What is the best way to check the buouancy of your PFD?
There’s never a limit to water safety, especially in deep water. By that, I mean deeper than a swimming pool. With that, you’ll be in the market for a new PFD – or, personal floatation device.
I’ll be taking you through steps on what buoyancy is, the 6 types of PFD, and the best way to check the buoyancy of your lifejacket.
What is buoyancy and how does it work?
There are key areas of buoyancy that allow us to understand how PFD’s are categorised and how they work.
Greek Philosopher Archimedes explains buoyancy through displacement of water. An object’s buoyancy is calculated by the looking at the weight of an object sinking and removing the weight of the water it displaces (moves). Buoyancy is an upward force counteracting any downward force.
I suggest looking at who it is you’re providing a life-jacket to. This will determine the size of the PFD and how many pounds’ worth of additional buoyancy is needed. Floatation devices have a system called a ‘PFD rating’. This is a number indicating the pounds of buoyancy provided.
As a rule of thumb; for more buoyancy, choose a higher PFD rating.
Adults need approximately 12 pounds of additional buoyancy to stay above water. This is because our bodies are already 80% water, so regulations state the average person will need a PFD rating of 15 or higher.
Fun fact: most people believe that overweight and obese people are more likely to sink than slimmer individuals due to their weight. However, fat is buoyant, meaning they’ll likely float.
What are the 5 types of life-jacket?
Let’s begin by saying PFD’s have come a long way in recent decades, with new developments being released each year.
My personal favourite: in 2019 a lifejacket manufacturer started making life-jackets that mould to our bodies to make them more comfortable!
Type I – The offshore life-jacket.
• The offshore life-jacket has the highest level of floatation available. It is
designed to withstand a long periods of time in deep, remote, or choppy
• The benefit to the offshore life-jacket is the way it is worn; on the front upper part of the body. This means the wearer will always face the sky and breathe naturally.
• I believe this to be the most important factor in a life-jacket because the
wearer could be unconscious. Always wear a life-jacket in-case you’re boating and then made to walk the plank!

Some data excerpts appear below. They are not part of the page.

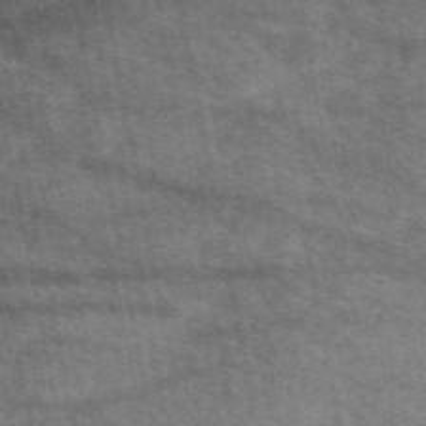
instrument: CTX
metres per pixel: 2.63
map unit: eAb
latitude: 50.0633
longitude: 119.9556
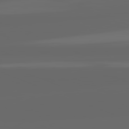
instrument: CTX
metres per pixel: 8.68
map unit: lApd
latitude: 82.0633
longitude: -168.1578

• PFD rating of 22 for adults, 11 for children and 7 for babies.
Type II – The near-shore buoyant vest.
• The near-shore buoyant vest is used for calmer water located – you guessed it – nearer to the shore.
• These are best for times such as being capsized in the middle of a medium lake and your chance of rescue is high and fast.
• PFD rating of 15.5 for adults, 11 for children and 7 for babies.
Type III – The floatation aid.
• This is the PFD you’ll picture when hearing ‘life-jacket’. They are used for beach or lake-side activities such as dinghy races, kayaking or water skiing.
• For good maintenance of your floatation aid, I recommend hand-washing and leaving to hang-dry. They can’t be kept in direct heat or sunlight as this will damage your PFD!
• PFD rating of 15.5 for adults.
Type IV – Throwable devices.
• These are the buoys, floating cushions or rings you may see on the side of a boat.
• These are used when a lifejacket has either not been used or has not been used correctly.
• Throwable devices are thrown into the water for the individual to swim to.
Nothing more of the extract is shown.